__Directions for this task__
Return, word for word, only the lines of the data below that lie between the line with "7) For a pull" and the line with "q4.P2 = 25.44", those two lines included.

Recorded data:
- - -
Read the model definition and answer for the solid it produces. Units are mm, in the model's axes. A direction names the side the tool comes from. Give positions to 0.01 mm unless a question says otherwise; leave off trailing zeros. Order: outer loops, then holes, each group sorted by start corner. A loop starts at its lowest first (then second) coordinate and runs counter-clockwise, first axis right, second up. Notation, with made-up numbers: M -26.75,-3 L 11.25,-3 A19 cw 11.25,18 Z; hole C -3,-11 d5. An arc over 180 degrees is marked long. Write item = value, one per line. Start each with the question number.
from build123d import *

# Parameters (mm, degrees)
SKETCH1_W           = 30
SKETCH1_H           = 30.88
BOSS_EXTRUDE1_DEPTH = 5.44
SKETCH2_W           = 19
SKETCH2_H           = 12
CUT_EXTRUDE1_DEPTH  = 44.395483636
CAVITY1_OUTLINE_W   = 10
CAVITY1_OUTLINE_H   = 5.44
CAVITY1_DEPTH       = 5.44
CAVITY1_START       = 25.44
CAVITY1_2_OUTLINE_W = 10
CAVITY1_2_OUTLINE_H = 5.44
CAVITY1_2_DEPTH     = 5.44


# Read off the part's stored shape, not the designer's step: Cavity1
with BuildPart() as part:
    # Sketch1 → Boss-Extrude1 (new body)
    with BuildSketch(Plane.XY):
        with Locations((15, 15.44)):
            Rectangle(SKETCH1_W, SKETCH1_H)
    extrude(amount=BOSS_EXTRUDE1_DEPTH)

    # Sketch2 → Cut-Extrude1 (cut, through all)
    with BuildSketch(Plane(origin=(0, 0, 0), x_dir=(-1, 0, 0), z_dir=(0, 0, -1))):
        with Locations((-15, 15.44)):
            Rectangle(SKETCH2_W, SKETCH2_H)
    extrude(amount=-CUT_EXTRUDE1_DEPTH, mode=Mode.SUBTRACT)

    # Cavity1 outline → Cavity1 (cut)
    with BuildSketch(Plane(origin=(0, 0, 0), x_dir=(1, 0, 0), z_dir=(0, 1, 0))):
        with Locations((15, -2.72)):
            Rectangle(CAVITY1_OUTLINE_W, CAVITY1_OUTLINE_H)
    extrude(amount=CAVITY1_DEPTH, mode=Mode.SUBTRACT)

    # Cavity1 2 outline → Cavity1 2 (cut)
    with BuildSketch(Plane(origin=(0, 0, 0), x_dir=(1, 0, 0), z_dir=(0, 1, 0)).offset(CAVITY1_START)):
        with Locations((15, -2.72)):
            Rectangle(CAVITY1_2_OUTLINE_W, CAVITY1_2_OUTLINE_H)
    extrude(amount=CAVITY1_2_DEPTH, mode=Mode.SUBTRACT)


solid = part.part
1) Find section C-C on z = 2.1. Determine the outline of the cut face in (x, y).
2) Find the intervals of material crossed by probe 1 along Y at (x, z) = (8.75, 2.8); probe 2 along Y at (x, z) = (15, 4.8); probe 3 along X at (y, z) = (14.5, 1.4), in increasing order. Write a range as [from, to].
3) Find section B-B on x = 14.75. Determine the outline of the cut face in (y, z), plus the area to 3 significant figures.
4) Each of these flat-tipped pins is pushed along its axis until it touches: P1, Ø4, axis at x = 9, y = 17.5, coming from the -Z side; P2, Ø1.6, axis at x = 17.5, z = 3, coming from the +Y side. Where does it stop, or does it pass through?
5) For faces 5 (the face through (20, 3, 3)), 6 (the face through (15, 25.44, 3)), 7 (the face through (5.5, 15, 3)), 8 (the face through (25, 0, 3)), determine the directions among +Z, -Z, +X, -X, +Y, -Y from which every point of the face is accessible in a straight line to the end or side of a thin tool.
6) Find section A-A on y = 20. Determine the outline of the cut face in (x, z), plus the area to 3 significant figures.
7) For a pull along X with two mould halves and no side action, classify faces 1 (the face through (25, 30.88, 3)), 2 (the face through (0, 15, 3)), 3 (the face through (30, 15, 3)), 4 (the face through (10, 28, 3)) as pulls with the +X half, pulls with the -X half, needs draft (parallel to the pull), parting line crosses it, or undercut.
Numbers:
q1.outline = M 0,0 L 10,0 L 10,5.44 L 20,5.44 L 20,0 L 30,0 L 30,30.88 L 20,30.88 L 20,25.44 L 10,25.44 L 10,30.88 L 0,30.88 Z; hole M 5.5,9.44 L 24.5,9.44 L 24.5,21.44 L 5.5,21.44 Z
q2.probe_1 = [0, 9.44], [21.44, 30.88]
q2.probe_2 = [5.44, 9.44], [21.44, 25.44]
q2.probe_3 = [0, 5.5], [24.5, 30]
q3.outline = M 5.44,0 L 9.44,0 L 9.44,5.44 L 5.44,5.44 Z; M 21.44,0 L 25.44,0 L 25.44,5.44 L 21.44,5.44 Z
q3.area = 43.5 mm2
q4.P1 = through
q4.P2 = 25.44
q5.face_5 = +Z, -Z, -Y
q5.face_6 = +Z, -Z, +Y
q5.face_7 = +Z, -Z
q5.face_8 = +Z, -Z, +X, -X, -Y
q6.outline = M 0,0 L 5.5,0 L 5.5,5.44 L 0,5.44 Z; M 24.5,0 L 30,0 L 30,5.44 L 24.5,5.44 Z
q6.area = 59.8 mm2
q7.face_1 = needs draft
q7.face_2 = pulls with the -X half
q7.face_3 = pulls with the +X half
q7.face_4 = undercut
- - -
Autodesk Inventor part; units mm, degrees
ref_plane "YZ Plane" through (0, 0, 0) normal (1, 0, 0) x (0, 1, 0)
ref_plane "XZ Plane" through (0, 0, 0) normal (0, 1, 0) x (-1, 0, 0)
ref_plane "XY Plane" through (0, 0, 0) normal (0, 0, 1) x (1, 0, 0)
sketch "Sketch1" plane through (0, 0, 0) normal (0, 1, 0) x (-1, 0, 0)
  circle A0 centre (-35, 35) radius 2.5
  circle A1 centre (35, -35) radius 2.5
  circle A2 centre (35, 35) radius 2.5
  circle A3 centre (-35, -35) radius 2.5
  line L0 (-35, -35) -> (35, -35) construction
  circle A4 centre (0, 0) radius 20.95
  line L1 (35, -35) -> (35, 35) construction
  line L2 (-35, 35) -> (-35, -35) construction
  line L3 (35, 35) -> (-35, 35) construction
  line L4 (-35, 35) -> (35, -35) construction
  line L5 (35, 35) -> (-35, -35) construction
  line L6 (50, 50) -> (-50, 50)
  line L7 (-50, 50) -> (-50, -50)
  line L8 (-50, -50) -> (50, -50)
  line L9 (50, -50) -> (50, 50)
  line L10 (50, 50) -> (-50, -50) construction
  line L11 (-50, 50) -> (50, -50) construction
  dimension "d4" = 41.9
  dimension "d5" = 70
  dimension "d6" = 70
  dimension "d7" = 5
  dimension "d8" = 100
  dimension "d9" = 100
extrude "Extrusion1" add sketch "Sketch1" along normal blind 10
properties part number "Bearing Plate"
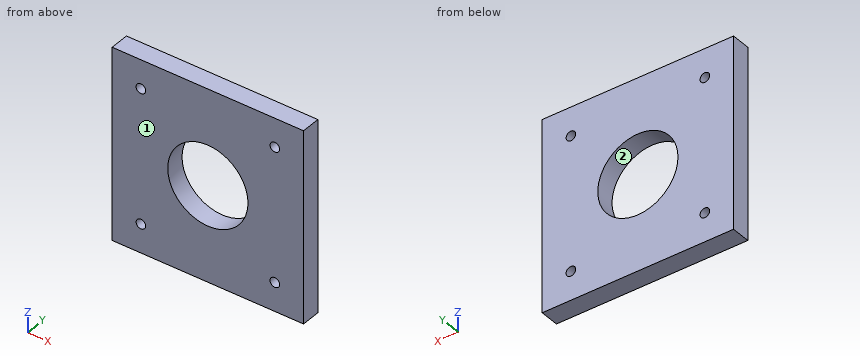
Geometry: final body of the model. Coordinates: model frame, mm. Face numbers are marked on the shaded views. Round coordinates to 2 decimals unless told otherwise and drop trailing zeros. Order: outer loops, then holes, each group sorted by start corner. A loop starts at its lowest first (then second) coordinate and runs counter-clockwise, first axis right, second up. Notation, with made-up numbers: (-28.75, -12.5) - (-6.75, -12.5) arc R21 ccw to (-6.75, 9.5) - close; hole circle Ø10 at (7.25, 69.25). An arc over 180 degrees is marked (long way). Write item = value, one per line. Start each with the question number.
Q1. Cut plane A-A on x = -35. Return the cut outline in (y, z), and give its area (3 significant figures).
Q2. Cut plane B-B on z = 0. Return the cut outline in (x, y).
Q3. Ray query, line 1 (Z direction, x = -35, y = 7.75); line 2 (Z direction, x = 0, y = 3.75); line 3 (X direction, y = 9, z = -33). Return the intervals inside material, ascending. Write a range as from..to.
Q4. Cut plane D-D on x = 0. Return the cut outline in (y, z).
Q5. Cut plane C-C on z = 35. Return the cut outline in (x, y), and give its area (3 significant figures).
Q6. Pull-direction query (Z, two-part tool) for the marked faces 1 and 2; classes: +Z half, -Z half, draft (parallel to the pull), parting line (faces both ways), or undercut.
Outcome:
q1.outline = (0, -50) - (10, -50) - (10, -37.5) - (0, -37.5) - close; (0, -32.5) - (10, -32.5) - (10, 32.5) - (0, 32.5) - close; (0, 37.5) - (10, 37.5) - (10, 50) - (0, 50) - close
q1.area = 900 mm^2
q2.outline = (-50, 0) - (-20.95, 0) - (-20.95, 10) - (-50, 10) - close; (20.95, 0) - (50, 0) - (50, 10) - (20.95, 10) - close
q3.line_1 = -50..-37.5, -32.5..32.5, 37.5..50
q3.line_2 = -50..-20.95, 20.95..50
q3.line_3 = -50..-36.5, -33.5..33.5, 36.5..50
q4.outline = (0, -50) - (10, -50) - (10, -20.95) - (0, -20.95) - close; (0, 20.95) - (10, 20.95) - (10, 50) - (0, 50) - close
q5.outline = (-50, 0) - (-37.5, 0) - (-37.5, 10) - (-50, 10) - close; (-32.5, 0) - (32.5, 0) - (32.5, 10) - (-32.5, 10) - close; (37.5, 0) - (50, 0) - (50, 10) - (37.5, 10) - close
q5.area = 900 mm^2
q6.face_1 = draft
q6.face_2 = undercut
- - -
__Exercise solution__
7) For a pull along X with two mould halves and no side action, classify faces 1 (the face through (25, 30.88, 3)), 2 (the face through (0, 15, 3)), 3 (the face through (30, 15, 3)), 4 (the face through (10, 28, 3)) as pulls with the +X half, pulls with the -X half, needs draft (parallel to the pull), parting line crosses it, or undercut.
Numbers:
q1.outline = M 0,0 L 10,0 L 10,5.44 L 20,5.44 L 20,0 L 30,0 L 30,30.88 L 20,30.88 L 20,25.44 L 10,25.44 L 10,30.88 L 0,30.88 Z; hole M 5.5,9.44 L 24.5,9.44 L 24.5,21.44 L 5.5,21.44 Z
q2.probe_1 = [0, 9.44], [21.44, 30.88]
q2.probe_2 = [5.44, 9.44], [21.44, 25.44]
q2.probe_3 = [0, 5.5], [24.5, 30]
q3.outline = M 5.44,0 L 9.44,0 L 9.44,5.44 L 5.44,5.44 Z; M 21.44,0 L 25.44,0 L 25.44,5.44 L 21.44,5.44 Z
q3.area = 43.5 mm2
q4.P1 = through
q4.P2 = 25.44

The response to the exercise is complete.